«(…) ne ò passato di tutti i colori, di ogni erbe un fascino:
essere felici non è facile, mi sento molto vecchia, ò vissuto sempre in campagna,
là mia vita è stata tanto faticosa; e dura (…)»
Quella di Clelia Marchi, classe 1912, contadina del mantovano, che per poter continuare a scrivere al suo amore perduto utilizza il lenzuolo più bello del suo corredo, è solo una delle tante storie che si possono sfiorare visitando il Piccolo Museo del Diario di Pieve Santo Stefano, ‘Città del diario’.

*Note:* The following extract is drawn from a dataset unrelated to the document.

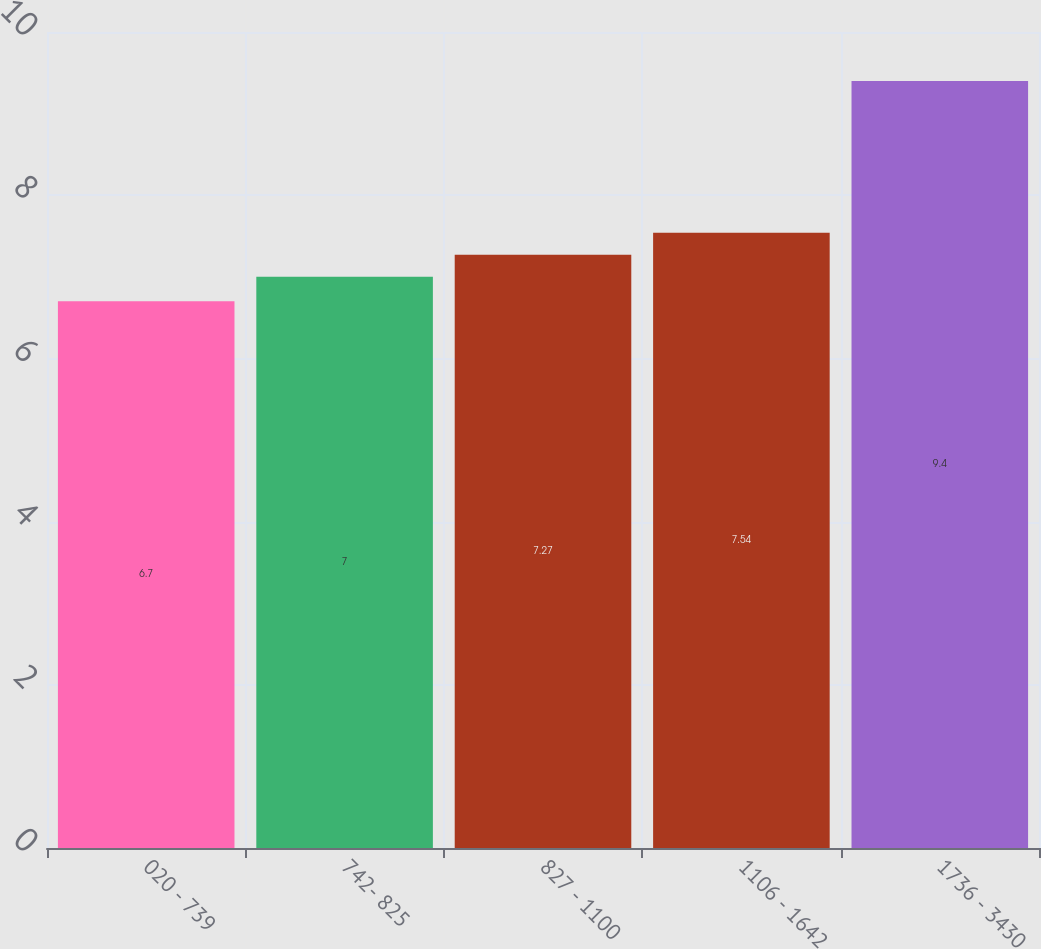<chart> <loc_0><loc_0><loc_500><loc_500><bar_chart><fcel>020 - 739<fcel>742- 825<fcel>827 - 1100<fcel>1106 - 1642<fcel>1736 - 3430<nl><fcel>6.7<fcel>7<fcel>7.27<fcel>7.54<fcel>9.4<nl></chart>

Il Piccolo Museo del Diario, che dal 2016 è entrato a far parte dell’Associazione nazionale Piccoli Musei e della Rete Valtiberina Musei e Parchi, ha una lunghissima storia che inizia nel 1984 grazie a Saverio Tutino, giornalista esperto di America latina e giovane partigiano durante la lotta di Resistenza. E sicuramente è proprio la ‘resistenza’ che lo ha ispirato nel suo lungo lavoro di ricerca che ha portato alla nascita dell’Archivio Diaristico Nazionale.
In questo piccolo museo resistono le storie personali e resiste la memoria collettiva.
E la Resistenza, nel Piccolo Museo, passa anche attraverso l’esperienza tattile: in un’epoca in cui tutto è immateriale e digitalizzato, si ha la possibilità di aprire dei cassetti, ognuno contenente una storia: sembra quasi di entrare nelle case di chi queste pagine le ha scritte.
Resistere è lo scopo del Piccolo Museo del Diario, poiché attraverso le storie ‘dal basso’ di persone comuni, si racconta la ‘Storia’ d’Italia.
Come scrive Mario Perrotta nel suo libro Il paese dei diari, i diari sono vivi, si cercano e si parlano di notte in un bisbiglio continuo, di nascosto, spostandosi con teleferiche e cavi nella città-diario perfetta.